In those uncertain times, Diya fully supported Abacha and derided the NADECO leadership as toothless bulldogs. When NADECO called a meeting at the palace of the Awujale in Ijebu-Ode, Diya sent security men to disperse them. The battle was joined. It was not the best of times.
Diya knew his days were numbered when he failed to carry out his plan to get Abiola released through the court. One of our mutual friends arranged for me and my colleague, Dele Omotunde, the Deputy Editor-in-Chief of Tell magazine, to meet with Diya regularly at his residence in Aso Rock. We knew he was under pressure. An attempt was even made to bomb the plane he was to travel to Benue State.
One night in December 1997, the soldiers came for him. He knew the game was up. He forbade his personal bodyguards to resist, knowing that it would be bloody and ultimately futile. He, who had survived the Civil War and several assassination attempts, was now facing the ultimate battle of his life. That night many of Diya’s supporters were rounded up and hauled into detention. Our friend, the late Professor Femi Odekunle was sleeping when soldiers broke down his door and dragged him out in his pajamas. The nightmare had begun.

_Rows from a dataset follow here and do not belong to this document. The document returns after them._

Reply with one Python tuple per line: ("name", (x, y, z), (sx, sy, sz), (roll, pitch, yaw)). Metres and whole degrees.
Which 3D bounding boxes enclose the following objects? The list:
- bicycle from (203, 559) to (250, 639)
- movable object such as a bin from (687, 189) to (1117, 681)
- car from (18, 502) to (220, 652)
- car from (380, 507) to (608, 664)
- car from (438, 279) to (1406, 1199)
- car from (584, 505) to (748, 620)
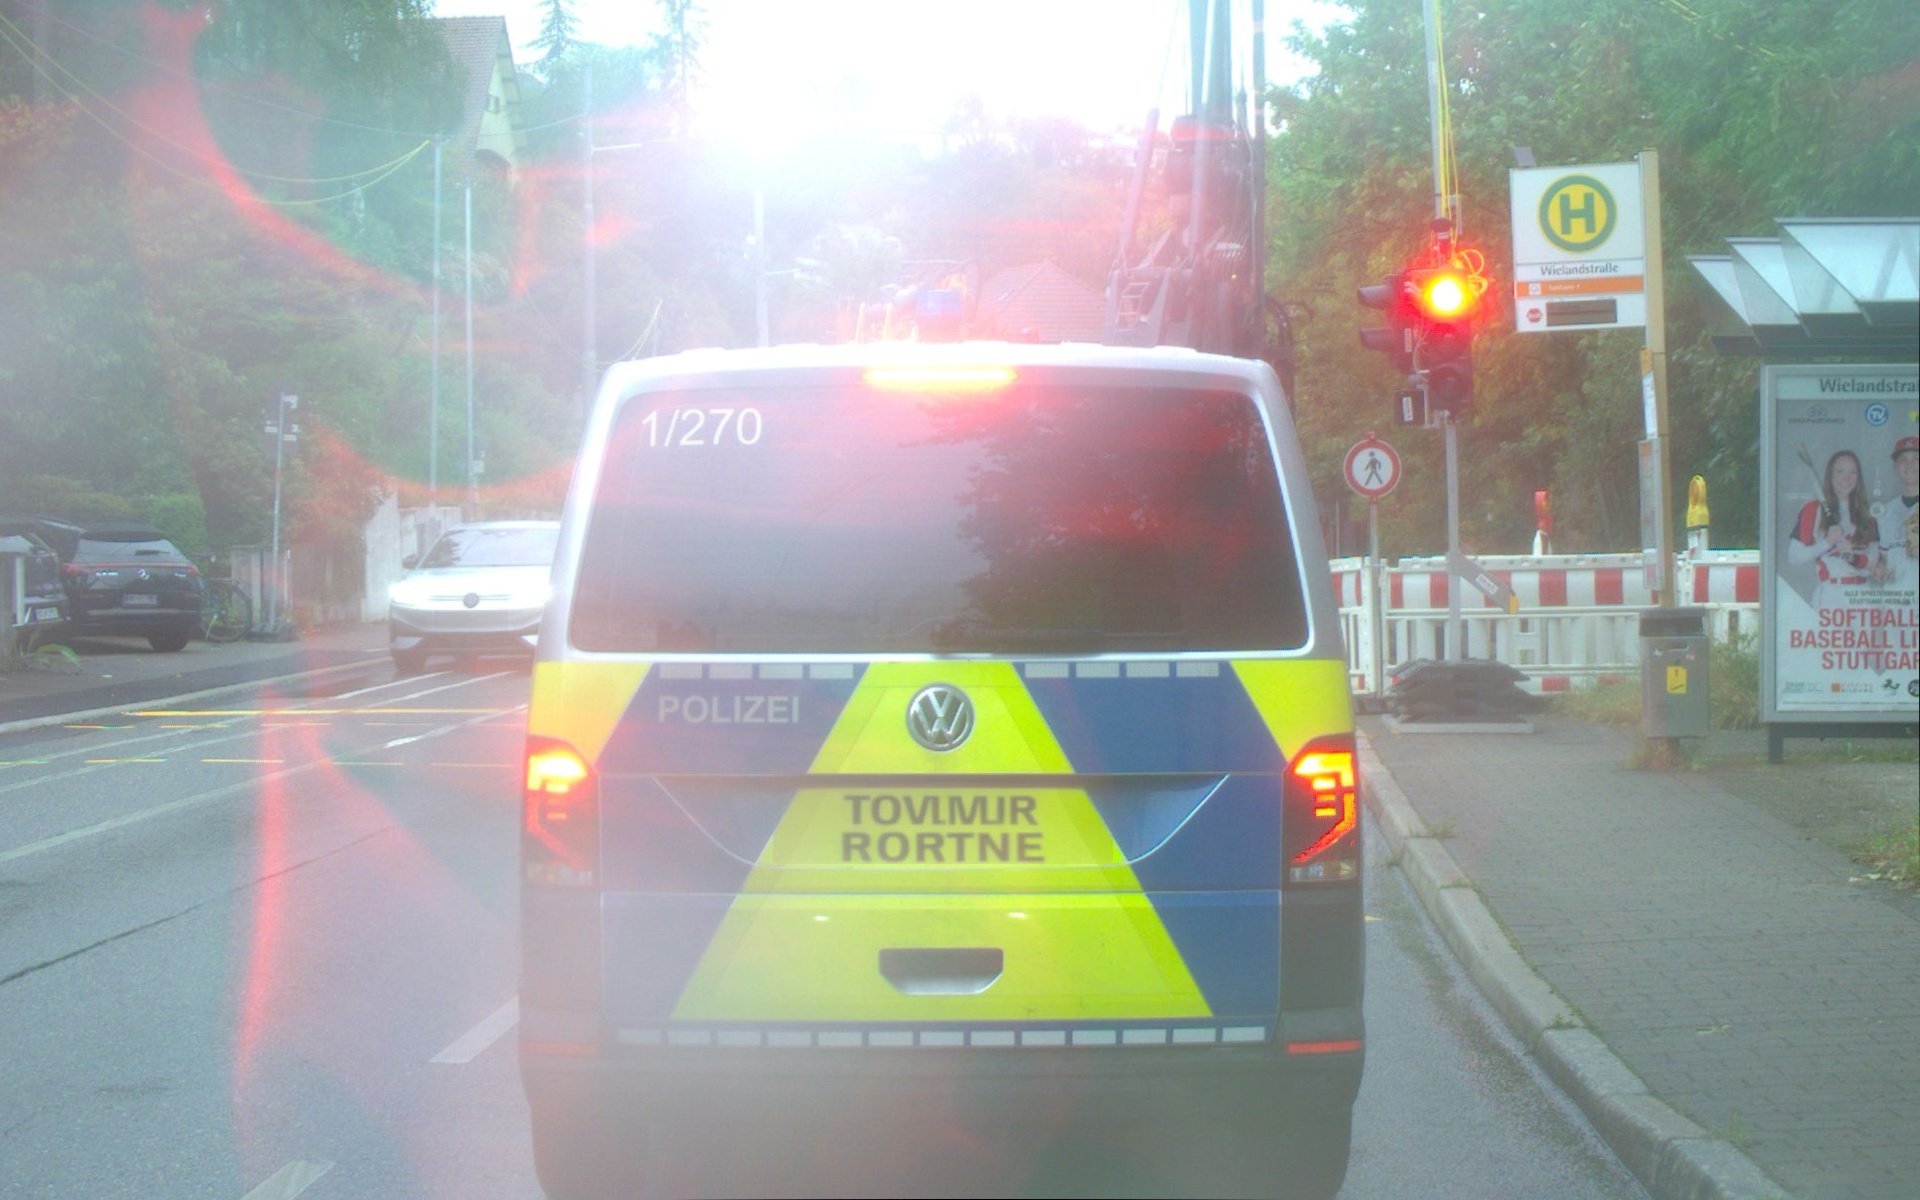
("bicycle", (-8.450, -0.023, 39.578), (0.462, 0.894, 1.634), (0, 1, -15))
("movable object such as a bin", (-0.428, -1.461, 31.617), (2.832, 4.163, 4.378), (1, 1, 15))
("car", (-9.331, -0.283, 37.960), (1.765, 1.481, 3.743), (1, 3, -20))
("car", (-4.838, -0.164, 36.267), (1.853, 1.522, 4.820), (1, 1, -2))
("car", (-0.100, 0.358, 8.817), (1.893, 2.043, 4.000), (1, 1, -1))
("car", (-4.343, -0.570, 51.325), (1.867, 1.616, 4.164), (1, 1, 3))

On April 28, 1998, Diya stared vacantly as General Victor Malu pronounced the death sentence on him along with many of his old comrades; Generals Tajudeen Olanrewaju, Abdulkareem Adisa, Odekunle and others.
Diya and the other convicts were imprisoned in Jos, the city where Diya once served as General Officer Commanding (GOC) where they were to be executed. The execution was botched when the Black Maria vehicle conveying Diya and his team mysteriously broke down on the way to the execution ground. The firing squad was waiting until the evening when the execution was called-off.
After that, the Black Maria roared back to life and Diya and his colleagues were returned to Jos Prison.
When Abacha heard this strange development, he ordered them to be flown to Kano where the execution would now take place.
On Execution Day, June 8, 1998, someone tapped at the window of Diya’s death-cell. “E don happen o,” the person said in a loud whisper. “Yamutu!”
Abacha had died that morning and a nation was freed from tyranny. Few days later, General Abdulsalami Abubakar, the new military Head of State, sent a presidential jet to bring Diya from Kano to Lagos. He had begun another phase of his life.
Dele Omotunde and I met Diya several times after that at his Ikeja GRA home. He could not fail to recall the miracle of his escape from death’s jaw. His incredible reprieve could only be the work of benevolent providence. He tried to get his full entitlement as a retired general but I am not sure he succeeded. He went to the Justice Chukwudifu Oputa Panel to seek for justice. He tried to cope with life in the aftermath of power. It was tough.
“God has already vindicated me,” he said.
I salute Josephine, his courageous senior wife, who helped Diya to finish his race in dignity and comfort. Diya was a good and courageous man whose travails and eventual triumph show that God still rules in the affairs of men.